In what might be a dumb move, I've picked up shares in a couple of China closed-end funds in the last few days.

I've tried to hedge my bets a little bit, however: I have acquired shares of both the China Fund (CFN) and the Morgan Stanly China A Shares fund (CAF). These are extremely different investments, which I'll explain briefly. Basically, the China Fund is a mutual fund that buys stable, perhaps less-well-known companies that generally trade on non-mainland exchanges. I'd consider this to be the more stable fund, and a good long term investment. The China A Shares fund represents an investment in the actual bubble -- the Shanghain and Shenzen traded A shares market that is dominated by Chinese retail investors. Both trade at stiff discounts to their net asset value -- something on the order of 20% discounts in both cases, though that fluctuates a lot on any given day.
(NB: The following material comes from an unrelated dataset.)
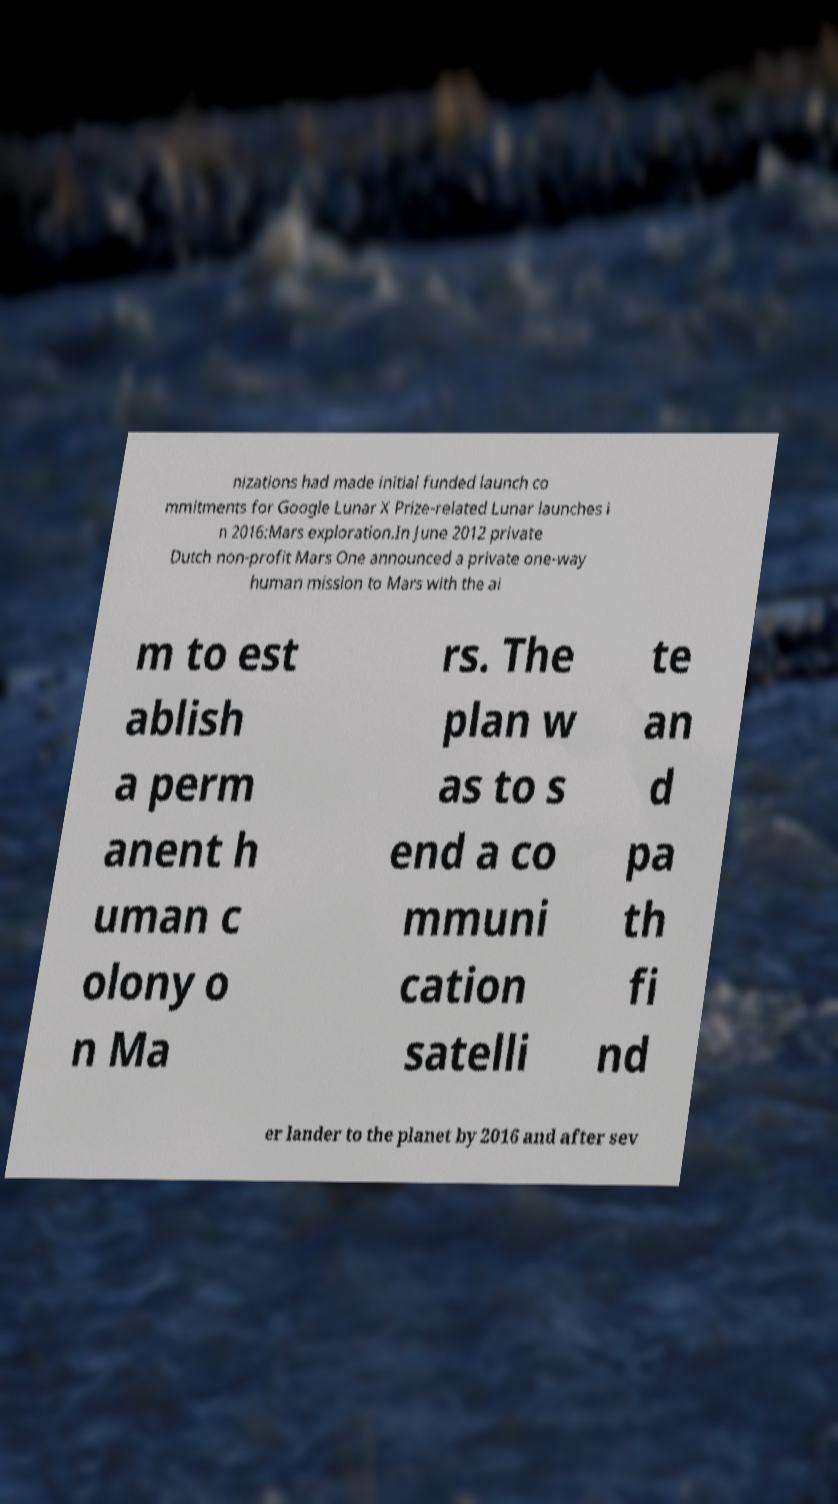Could you assist in decoding the text presented in this image and type it out clearly? nizations had made initial funded launch co mmitments for Google Lunar X Prize-related Lunar launches i n 2016:Mars exploration.In June 2012 private Dutch non-profit Mars One announced a private one-way human mission to Mars with the ai m to est ablish a perm anent h uman c olony o n Ma rs. The plan w as to s end a co mmuni cation satelli te an d pa th fi nd er lander to the planet by 2016 and after sev 
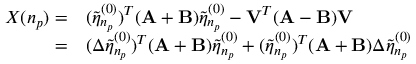Convert formula to latex. <formula><loc_0><loc_0><loc_500><loc_500>\begin{array} { r l } { X ( n _ { p } ) = } & ( \tilde { \eta } _ { n _ { p } } ^ { ( 0 ) } ) ^ { T } ( A + B ) \tilde { \eta } _ { n _ { p } } ^ { ( 0 ) } - V ^ { T } ( A - B ) V } \\ { = } & ( \Delta \tilde { \eta } _ { n _ { p } } ^ { ( 0 ) } ) ^ { T } ( A + B ) \tilde { \eta } _ { n _ { p } } ^ { ( 0 ) } + ( \tilde { \eta } _ { n _ { p } } ^ { ( 0 ) } ) ^ { T } ( A + B ) \Delta \tilde { \eta } _ { n _ { p } } ^ { ( 0 ) } } \end{array}</formula>

The China Fund is a more typical China mutual fund, with a long history, that happens to trade as a CEF. They have a couple of advisors, and they focus on buying non-state-controlled entities (this approach is common to many China stock advisors, including the newsletter editor Robert Hsu, who think the state owned enterprises are too bureaucratic and corrupt). I like this one because I appreciate the focus on smaller and unknown stocks that it would be difficult for me to buy personally -- they don't invest much on the A share market in Shanghai, but buy primarily Taiwanese and Hong Kong and other regionally traded shares that represent Chinese companies, or companies that primarily do business with China.

As of the end of April, their top holdings were:

Shanghai International Airport
Chaoda Modern Agriculture
China Merchants Bank
Daqin Railway
Shanghai Zhenhua Port Machinery
Golden Meditech
Financial Street
Xinjiang Tebian Electric
China Yangtze Power
Baoding Tianwei Baobian Electric
Powertech Technology
Cathay Financial
Merry Electronics
Formosa Petrochemical
China Oilfield Services

So I consider CHN to be a long term hold, which could obviously change. The expense ratio is a relatively reasonable 1.26%. CHN is now near a 20% discount to net asset value, which is nearly as high as the discount has ever been -- in contrast, the premium has occasionally gone as high as 60%, though I don't expect we'll see those numbers again. I don't think this fund deserves to trade at the same high discount as CAF, below, because of their relative lack of exposure to Chinese retail investors.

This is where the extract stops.